In the last two years, Chinese chemical giant ChemChina has bought up Swiss pesticide-and-seed player Syngenta; and fertilizer giants Agrium and Potash Corp of Saskatchewan have merged into a new mega-player called Nutrien.

This gathering process of oligopolization is happening at virtually all levels of the global food industry, including on the buy side — companies that purchase farmers’ crops and process them into livestock feed, food ingredients, and biofuel, as well as serve as the intermediary in grain export markets. But it’s the concentration of power and ownership in the global seed industry that should be the biggest cause of concern, since seeds are the primary link of the global food chain.

In 2016, just six American and European companies – Monsanto, Dupont, Syngenta, Dow, Bayer, and BASF – controlled 100% of the genetically modified seeds planted around the world. Those six are now five. If Bayer’s bid for Monsanto is successful, they will become four.

This trend has massive implications for both the choice and price of the food people consume. Seeds, which for millennia have been a common good to be shared out and improved among small communities of farmers, are increasingly becoming the preserve of a tiny handful of companies. As Mother Jones reports, by reducing the number of players in these markets, the mergers dilute the competition for farmers’ business, handing price leverage to the remaining players:

If Bayer-Monsanto goes through,… three companies will control around 60 percent of the globe’s seed and pesticide markets. A 2016 study by Texas A&M researchers found that a successful Monsanto-Bayer merger would increase seed prices for US farmers by around 2 percent for corn and soybean seeds and by 20 percent for cotton seeds.

The tie-up still faces a number of obstacles. Bayer would need to raise a large amount of debt and/or equity financing in order to acquire Monsanto. Last week the German drugs maker reported lower than expected fourth-quarter earnings after group profits were hit by pesticide pricing pressures in Brazil. The firm’s shares dropped 3.4% on the news, hitting their lowest point in almost 15 months.

The merger also poses a reputational risk for Bayer. Monsanto remains the world’s most despised company and as such could be more of a curse than a blessing. Monsanto is also weighed down by debt of its own, which it raised to fund its $10 billion share buyback program to prop up its own shares.

There’s also growing public opposition to the deal across Europe. Results from a YouGuv survey conducted in Germany, France, Spain, Denmark and the UK reveal that the merger gives 47% of EU citizens “serious” or “very serious” cause for concern, while just 11% think the merger offers any potential. The respondents worried that that the merger would negatively impact the environment, the amount of chemical substances used in farming to control pests and weeds, and farmers’ choices of what crops they would be able to farm.

Over one million Europeans have so far signed petitions calling on the European Commission to block it, and have been joined by more than 200 civil society organisations, from farm workers to international development groups.
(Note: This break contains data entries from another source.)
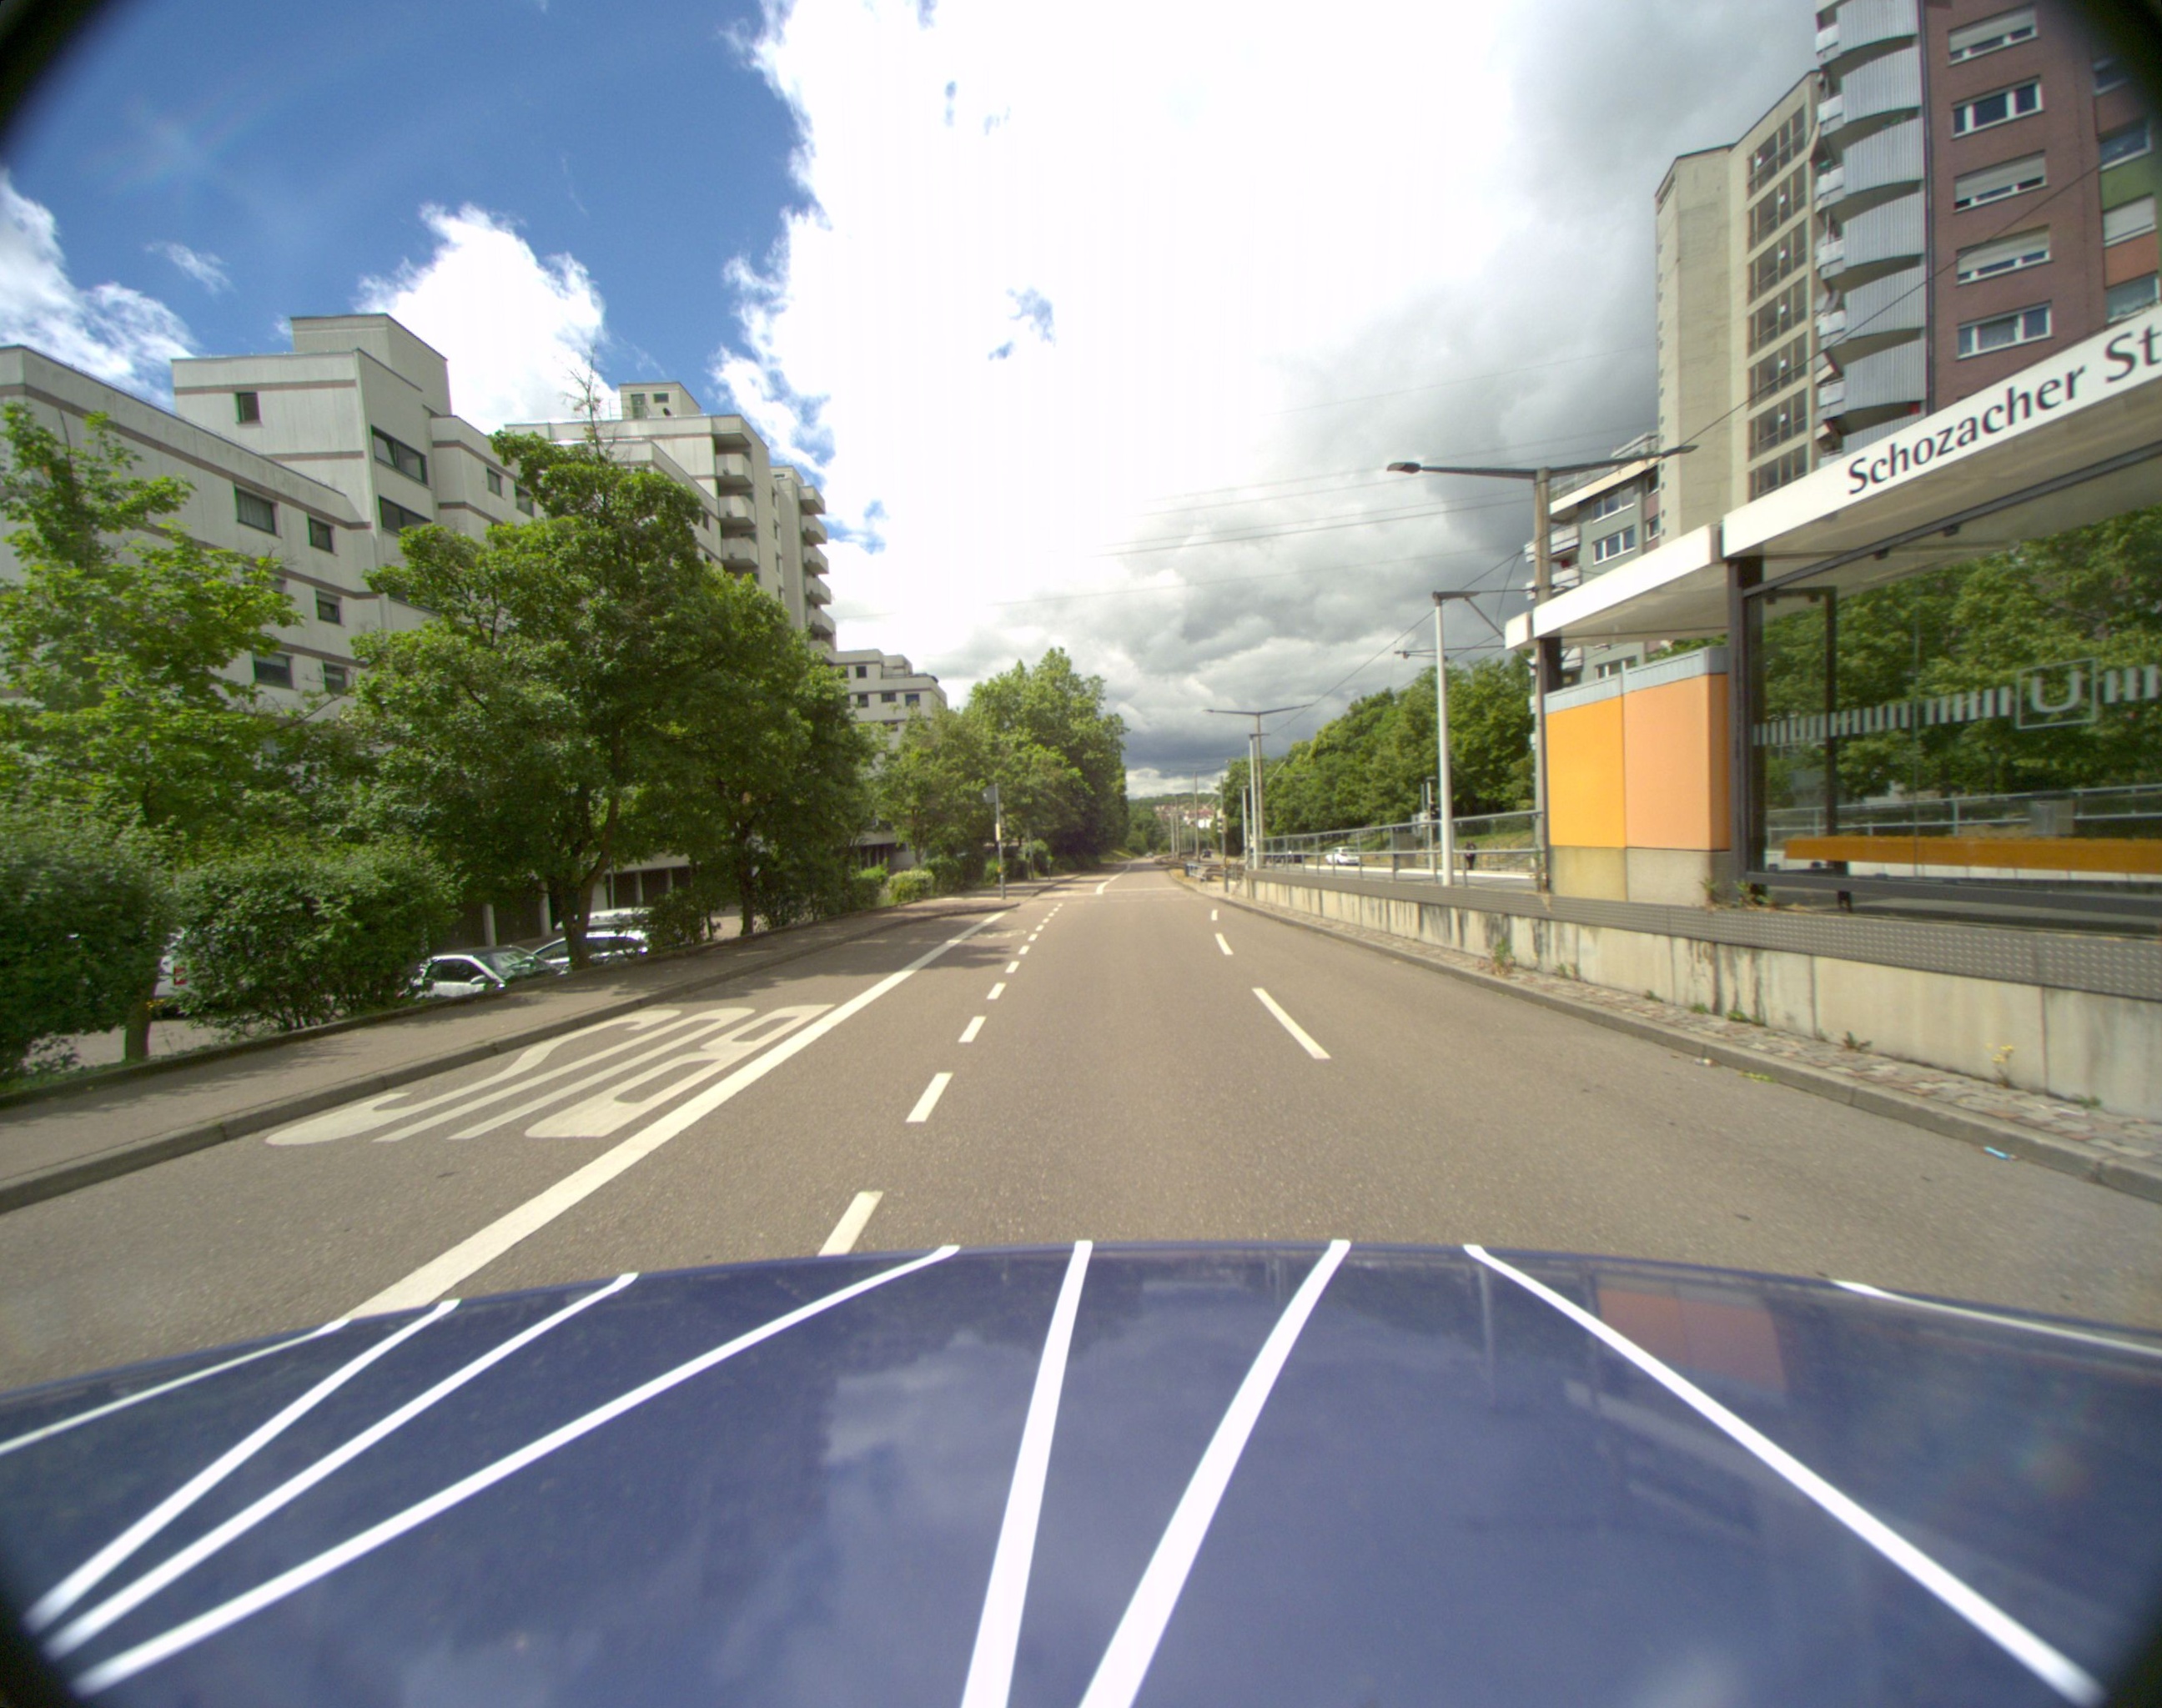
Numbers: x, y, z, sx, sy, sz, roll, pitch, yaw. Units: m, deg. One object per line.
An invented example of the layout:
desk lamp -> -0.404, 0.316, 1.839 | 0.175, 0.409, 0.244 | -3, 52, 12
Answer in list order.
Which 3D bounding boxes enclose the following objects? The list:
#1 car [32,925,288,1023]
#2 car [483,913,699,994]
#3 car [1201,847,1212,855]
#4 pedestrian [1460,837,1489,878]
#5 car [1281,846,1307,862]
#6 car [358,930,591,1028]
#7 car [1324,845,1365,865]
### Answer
car -> -21.146, 2.694, 17.550 | 3.995, 1.882, 1.791 | -1, 3, 7
car -> -10.820, 2.187, 16.939 | 3.761, 1.424, 1.564 | -3, 2, 3
car -> 23.791, -0.562, 144.429 | 1.658, 1.503, 3.738 | -2, 0, 3
pedestrian -> 15.736, 0.140, 30.385 | 0.690, 1.554, 0.824 | -3, 0, 1
car -> 20.761, 0.005, 74.211 | 1.658, 1.503, 3.738 | -2, 0, 3
car -> -11.338, 2.312, 14.361 | 2.963, 1.461, 1.724 | -3, 1, 3
car -> 19.859, 0.093, 57.405 | 1.659, 1.410, 3.999 | -2, 0, -1
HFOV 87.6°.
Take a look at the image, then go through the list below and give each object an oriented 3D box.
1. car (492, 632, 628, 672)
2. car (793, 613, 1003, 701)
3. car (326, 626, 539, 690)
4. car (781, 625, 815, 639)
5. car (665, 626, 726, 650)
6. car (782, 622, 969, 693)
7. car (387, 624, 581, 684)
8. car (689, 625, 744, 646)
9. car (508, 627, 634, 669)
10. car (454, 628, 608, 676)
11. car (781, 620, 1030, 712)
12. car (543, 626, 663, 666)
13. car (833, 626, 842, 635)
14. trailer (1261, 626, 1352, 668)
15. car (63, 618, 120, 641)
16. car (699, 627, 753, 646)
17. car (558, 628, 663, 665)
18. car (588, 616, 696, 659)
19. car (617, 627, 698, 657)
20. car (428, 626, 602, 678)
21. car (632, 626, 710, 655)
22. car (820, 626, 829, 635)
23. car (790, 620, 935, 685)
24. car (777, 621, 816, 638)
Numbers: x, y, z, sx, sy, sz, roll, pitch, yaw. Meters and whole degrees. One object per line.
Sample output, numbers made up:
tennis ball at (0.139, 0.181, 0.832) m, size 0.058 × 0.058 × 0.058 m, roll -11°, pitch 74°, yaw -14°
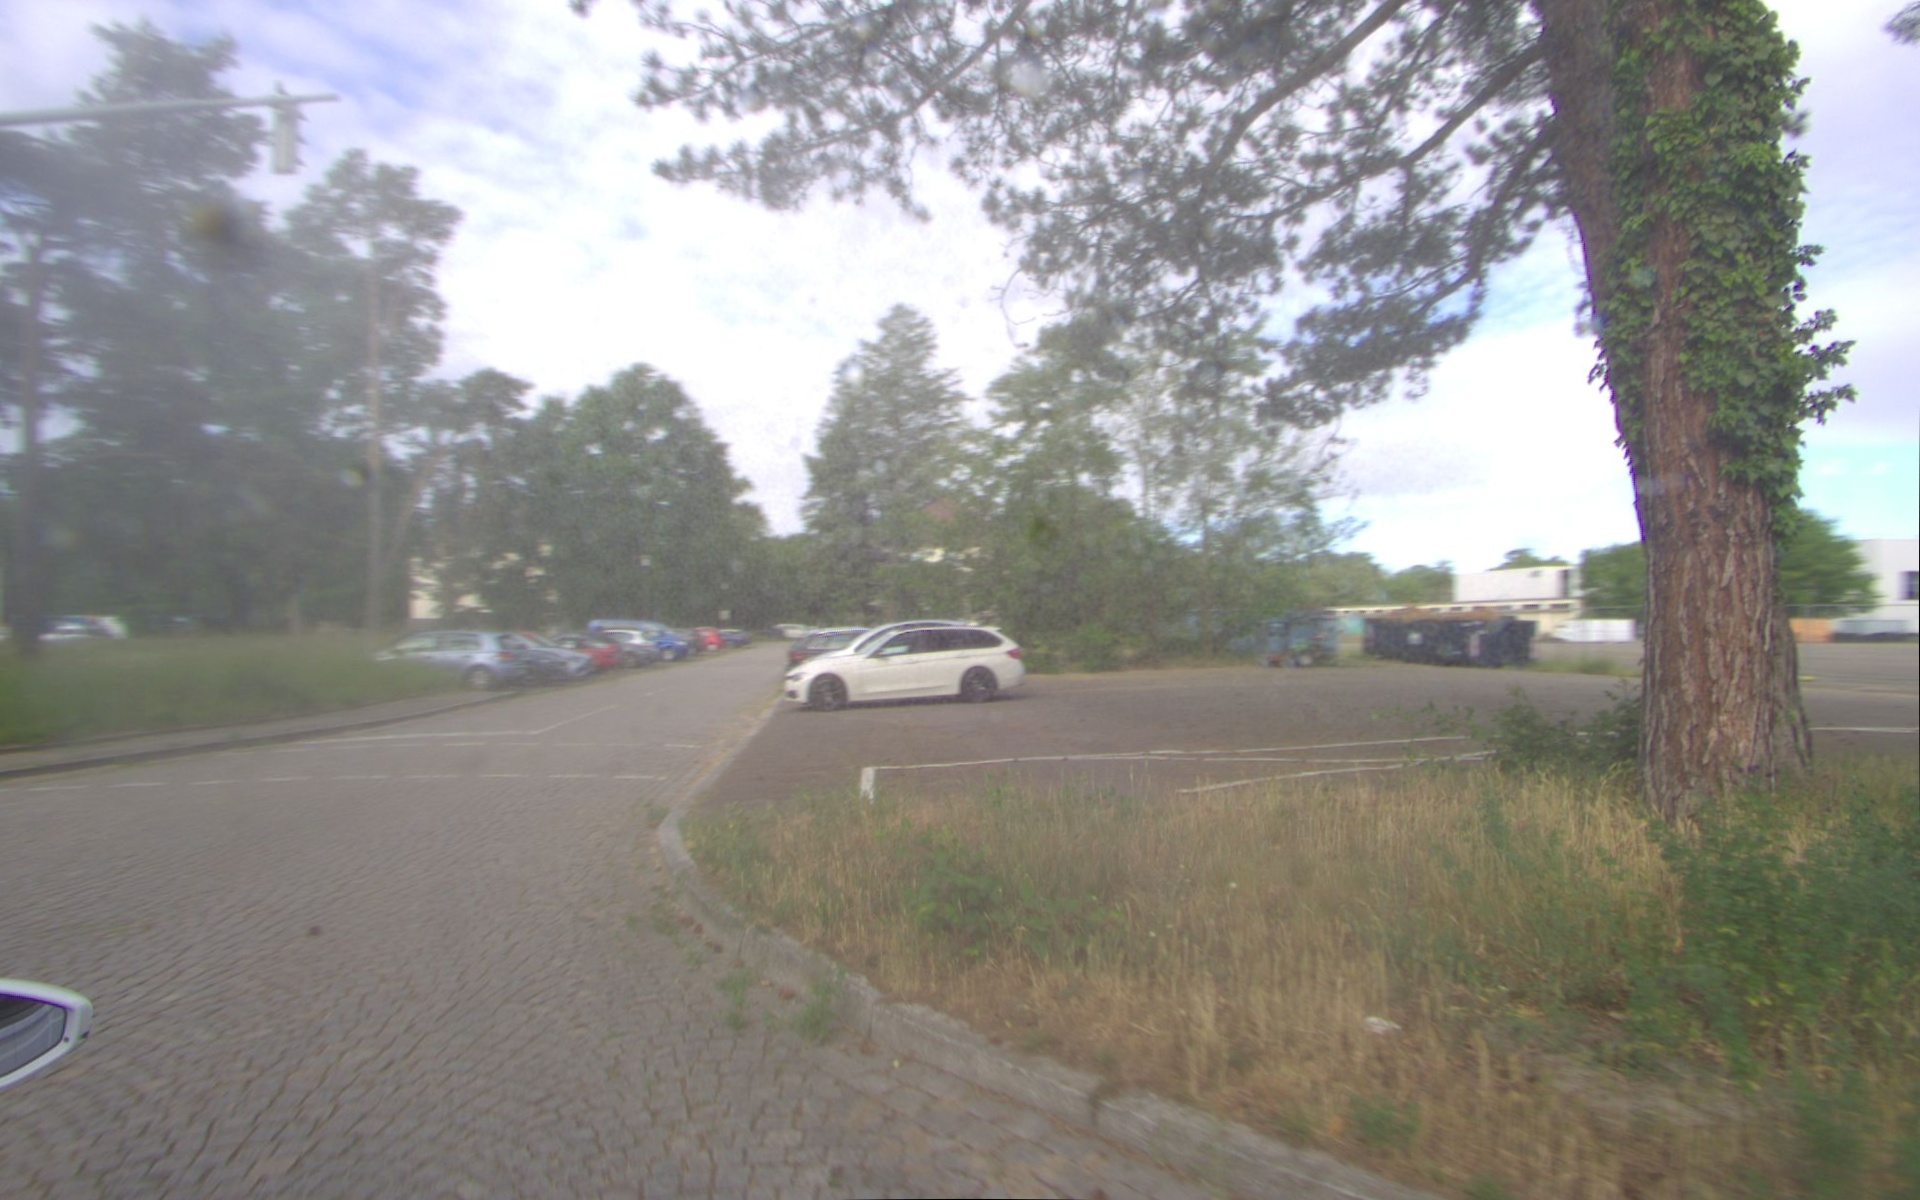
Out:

WeMove.eu, which organized the petition, calls it the “merger from hell.”

The Competition Commission is scheduled to make a final decision on the matter before the end of June. Considering that Europe’s immensely powerful biotech lobby has infiltrated just about every relevant regulatory and policy body in Brussels, the chances of the Commission derailing a deal of this size and strategic importance are slim.

Brussels gave its seal of approval to the Dow-Dupont and ChemChina-Syngenta tie-ups in 2017 with barely a blink of the eye. In November 2017 a wafer-thin majority of EU governments voted to extend the European license for glyphosate, despite fierce public opposition to the continued use of the highly controversial chemical.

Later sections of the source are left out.